TEMPI DI ATTESA NEL PRIMO TRIMESTRE 2017 IN LIBERA PROFESSIONE
Le prestazioni monitorate sono state 14.322. In questo caso, rispetto ai dati di chi accetta il primo posto libero, i tempi sono più bassi. Le attese più lunghe riguardano le visite oculistiche e quelle dermatologiche.

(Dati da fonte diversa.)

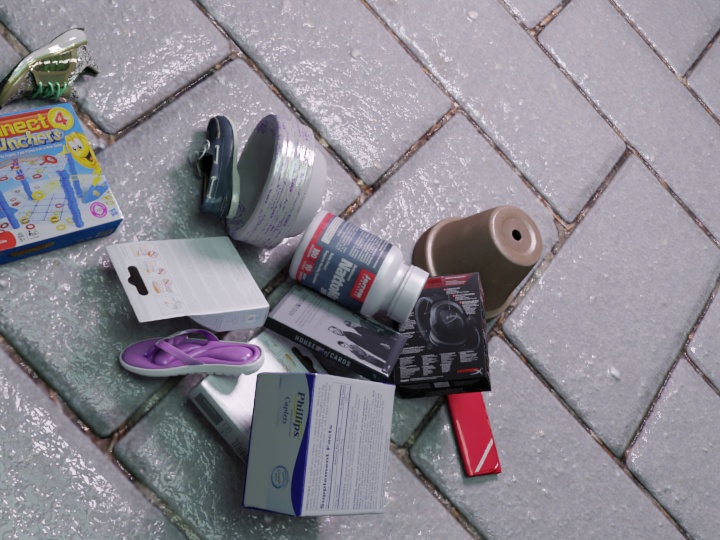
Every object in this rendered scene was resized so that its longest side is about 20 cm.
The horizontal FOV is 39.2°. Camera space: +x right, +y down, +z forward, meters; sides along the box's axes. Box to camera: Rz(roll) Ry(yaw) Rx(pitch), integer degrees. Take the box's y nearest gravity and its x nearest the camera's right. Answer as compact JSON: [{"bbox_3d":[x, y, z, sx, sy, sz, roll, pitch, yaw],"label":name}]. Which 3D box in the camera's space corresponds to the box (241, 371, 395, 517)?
[{"bbox_3d":[-0.053,0.237,1.383,0.200,0.105,0.185,18,75,-54],"label":"box"}]

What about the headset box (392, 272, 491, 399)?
[{"bbox_3d":[0.129,0.097,1.639,0.148,0.077,0.201,-7,62,10],"label":"headset box"}]

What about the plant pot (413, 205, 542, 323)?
[{"bbox_3d":[0.216,-0.025,1.744,0.199,0.175,0.201,14,61,-26],"label":"plant pot"}]

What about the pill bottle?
[{"bbox_3d":[0.000,0.000,1.589,0.199,0.120,0.120,26,52,5],"label":"pill bottle"}]

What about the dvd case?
[{"bbox_3d":[-0.034,0.093,1.535,0.199,0.025,0.150,26,23,5],"label":"dvd case"}]

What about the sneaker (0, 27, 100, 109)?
[{"bbox_3d":[-0.459,-0.284,1.504,0.089,0.077,0.200,50,52,-12],"label":"sneaker"}]

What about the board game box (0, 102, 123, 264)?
[{"bbox_3d":[-0.466,-0.124,1.424,0.199,0.056,0.196,-20,79,-38],"label":"board game box"}]

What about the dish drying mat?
[{"bbox_3d":[0.183,0.242,1.686,0.076,0.018,0.201,0,67,-32],"label":"dish drying mat"}]

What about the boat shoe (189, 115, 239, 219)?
[{"bbox_3d":[-0.230,-0.166,1.585,0.062,0.075,0.201,7,57,-24],"label":"boat shoe"}]

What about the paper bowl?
[{"bbox_3d":[-0.124,-0.130,1.556,0.104,0.201,0.202,18,58,-24],"label":"paper bowl"}]

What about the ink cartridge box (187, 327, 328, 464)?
[{"bbox_3d":[-0.132,0.181,1.468,0.162,0.050,0.200,49,39,0],"label":"ink cartridge box"}]

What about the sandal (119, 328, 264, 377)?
[{"bbox_3d":[-0.234,0.107,1.410,0.201,0.050,0.083,1,30,-1],"label":"sandal"}]

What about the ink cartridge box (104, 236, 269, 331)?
[{"bbox_3d":[-0.252,0.023,1.458,0.199,0.047,0.160,-6,46,-33],"label":"ink cartridge box"}]
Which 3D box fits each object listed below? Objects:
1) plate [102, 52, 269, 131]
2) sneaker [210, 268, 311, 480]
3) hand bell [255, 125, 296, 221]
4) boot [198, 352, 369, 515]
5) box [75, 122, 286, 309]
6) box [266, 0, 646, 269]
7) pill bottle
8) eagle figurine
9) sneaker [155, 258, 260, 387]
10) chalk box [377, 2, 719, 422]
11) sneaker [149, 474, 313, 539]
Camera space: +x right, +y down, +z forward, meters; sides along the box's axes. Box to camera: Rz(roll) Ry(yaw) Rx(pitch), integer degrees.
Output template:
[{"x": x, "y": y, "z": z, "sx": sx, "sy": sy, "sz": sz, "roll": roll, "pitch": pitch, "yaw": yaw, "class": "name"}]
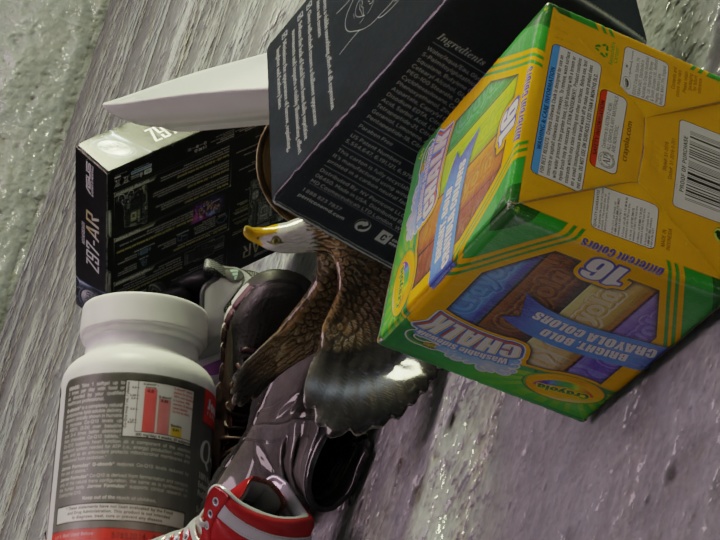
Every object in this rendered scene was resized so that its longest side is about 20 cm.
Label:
[{"x": -0.045, "y": -0.131, "z": 1.575, "sx": 0.199, "sy": 0.200, "sz": 0.033, "roll": -3, "pitch": 104, "yaw": 38, "class": "plate"}, {"x": -0.071, "y": 0.106, "z": 1.654, "sx": 0.116, "sy": 0.075, "sz": 0.201, "roll": -101, "pitch": 24, "yaw": -54, "class": "sneaker"}, {"x": -0.022, "y": -0.104, "z": 1.743, "sx": 0.200, "sy": 0.104, "sz": 0.105, "roll": -82, "pitch": 17, "yaw": -75, "class": "hand bell"}, {"x": -0.049, "y": 0.147, "z": 1.520, "sx": 0.132, "sy": 0.069, "sz": 0.201, "roll": 17, "pitch": 93, "yaw": 68, "class": "boot"}, {"x": -0.131, "y": -0.059, "z": 1.767, "sx": 0.043, "sy": 0.199, "sz": 0.161, "roll": 39, "pitch": 141, "yaw": 33, "class": "box"}, {"x": 0.046, "y": -0.124, "z": 1.235, "sx": 0.200, "sy": 0.107, "sz": 0.149, "roll": -47, "pitch": 28, "yaw": 31, "class": "box"}, {"x": -0.163, "y": 0.125, "z": 1.625, "sx": 0.116, "sy": 0.115, "sz": 0.201, "roll": 142, "pitch": 135, "yaw": -62, "class": "pill bottle"}, {"x": -0.008, "y": 0.000, "z": 1.446, "sx": 0.152, "sy": 0.150, "sz": 0.202, "roll": -7, "pitch": -80, "yaw": -78, "class": "eagle figurine"}, {"x": -0.131, "y": 0.060, "z": 1.759, "sx": 0.200, "sy": 0.139, "sz": 0.078, "roll": -57, "pitch": 20, "yaw": 36, "class": "sneaker"}, {"x": 0.091, "y": -0.016, "z": 1.124, "sx": 0.200, "sy": 0.123, "sz": 0.125, "roll": 133, "pitch": 154, "yaw": -53, "class": "chalk box"}, {"x": -0.111, "y": 0.180, "z": 1.478, "sx": 0.199, "sy": 0.071, "sz": 0.113, "roll": 9, "pitch": 98, "yaw": 32, "class": "sneaker"}]
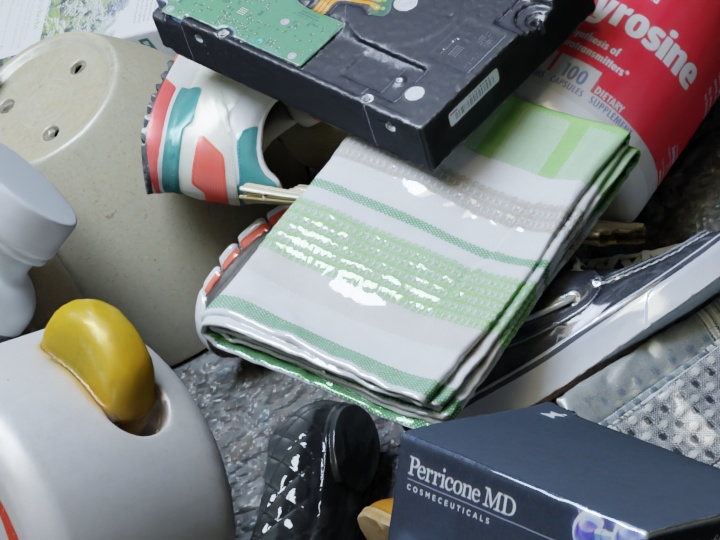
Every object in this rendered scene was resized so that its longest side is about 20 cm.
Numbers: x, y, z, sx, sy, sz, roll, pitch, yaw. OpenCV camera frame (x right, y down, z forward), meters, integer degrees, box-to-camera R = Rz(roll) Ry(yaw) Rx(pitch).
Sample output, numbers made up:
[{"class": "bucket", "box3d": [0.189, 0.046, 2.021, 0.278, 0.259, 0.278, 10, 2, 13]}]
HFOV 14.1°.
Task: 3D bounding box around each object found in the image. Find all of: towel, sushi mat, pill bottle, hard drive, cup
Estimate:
[{"class": "towel", "box3d": [0.197, 0.094, 1.370, 0.192, 0.035, 0.200, -34, 54, -16]}, {"class": "towel", "box3d": [0.030, -0.019, 1.453, 0.149, 0.031, 0.200, 22, 59, 27]}, {"class": "sushi mat", "box3d": [0.043, -0.030, 1.528, 0.200, 0.096, 0.012, 8, 95, 18]}, {"class": "pill bottle", "box3d": [-0.247, 0.024, 1.571, 0.200, 0.111, 0.111, -49, 42, 10]}, {"class": "hard drive", "box3d": [0.005, -0.138, 1.530, 0.200, 0.038, 0.140, 26, 59, 34]}, {"class": "pill bottle", "box3d": [0.150, -0.128, 1.584, 0.112, 0.112, 0.200, 14, 60, 40]}, {"class": "cup", "box3d": [-0.151, -0.056, 1.704, 0.200, 0.143, 0.200, -18, 47, 20]}]

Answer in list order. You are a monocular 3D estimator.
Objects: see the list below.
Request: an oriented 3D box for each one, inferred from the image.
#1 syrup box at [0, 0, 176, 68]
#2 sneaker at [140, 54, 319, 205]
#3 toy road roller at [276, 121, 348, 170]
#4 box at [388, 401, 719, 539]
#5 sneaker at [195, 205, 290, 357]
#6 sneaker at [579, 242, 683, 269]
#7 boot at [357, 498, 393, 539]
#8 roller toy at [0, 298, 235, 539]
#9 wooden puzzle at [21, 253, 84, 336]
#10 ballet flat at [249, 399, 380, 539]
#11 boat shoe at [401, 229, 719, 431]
[{"class": "syrup box", "box3d": [-0.154, -0.145, 1.827, 0.200, 0.081, 0.079, -11, 51, 25]}, {"class": "sneaker", "box3d": [-0.053, -0.121, 1.627, 0.093, 0.070, 0.200, 14, 64, 9]}, {"class": "toy road roller", "box3d": [0.036, -0.154, 1.683, 0.123, 0.146, 0.200, -5, 79, 55]}, {"class": "box", "box3d": [0.093, 0.179, 1.293, 0.148, 0.107, 0.200, 19, 108, 43]}, {"class": "sneaker", "box3d": [0.000, 0.000, 1.609, 0.200, 0.077, 0.082, -32, 49, 8]}, {"class": "sneaker", "box3d": [0.114, 0.021, 1.515, 0.200, 0.073, 0.072, -17, 45, 20]}, {"class": "boot", "box3d": [0.111, 0.113, 1.449, 0.201, 0.071, 0.144, 17, 60, 36]}, {"class": "roller toy", "box3d": [-0.160, 0.122, 1.513, 0.140, 0.200, 0.182, -21, 5, -39]}, {"class": "wooden puzzle", "box3d": [-0.242, 0.064, 1.654, 0.200, 0.185, 0.037, -30, 8, 8]}, {"class": "ballet flat", "box3d": [-0.037, 0.155, 1.516, 0.057, 0.066, 0.200, -22, 37, 42]}, {"class": "boat shoe", "box3d": [0.103, 0.024, 1.459, 0.200, 0.072, 0.068, -33, 77, 11]}]

LE PROTESTE DI CLAUDIO CIA
«Mentre a livello nazionale, nel periodo 2012-2015, la compartecipazione alla spesa per prestazioni sanitarie (Ticket) è in calo in ogni annualità considerata (diminuzione complessiva del 9,4%), nella Provincia di Trento si assiste ad un aumento complessivo del 19,2%. Il dato peggiore tra tutte le Regioni italiane. Interessante è osservare che l’aumento della spesa per il cittadino riguarda i ticket sulle prestazioni di specialistica ambulatoriale (+8,6%), i ticket sul pronto soccorso (+4,2%) e il ticket “voce residuale” che subisce una crescita di oltre l’800%. Se, poi, si guardano i ricavi per prestazioni sanitarie erogate in regime di intramoenia (attività di libera professione), si scopre che, mentre a livello nazionale c’è una diminuzione del 9%, nella Provincia Autonoma di Trento si registra un incremento del 12,4%, anche in questo caso l’aumento più alto tra tutte le regioni italiane (eccetto la Provincia di Bolzano). I dati dimostrano che sempre più cittadini, per dare risposta ai loro impellenti bisogni di cura, incompatibili con le lunghissime liste di attesa, sono costretti a ricorrere alla libera professione, pagando di tasca propria le mancanze della sanità trentina».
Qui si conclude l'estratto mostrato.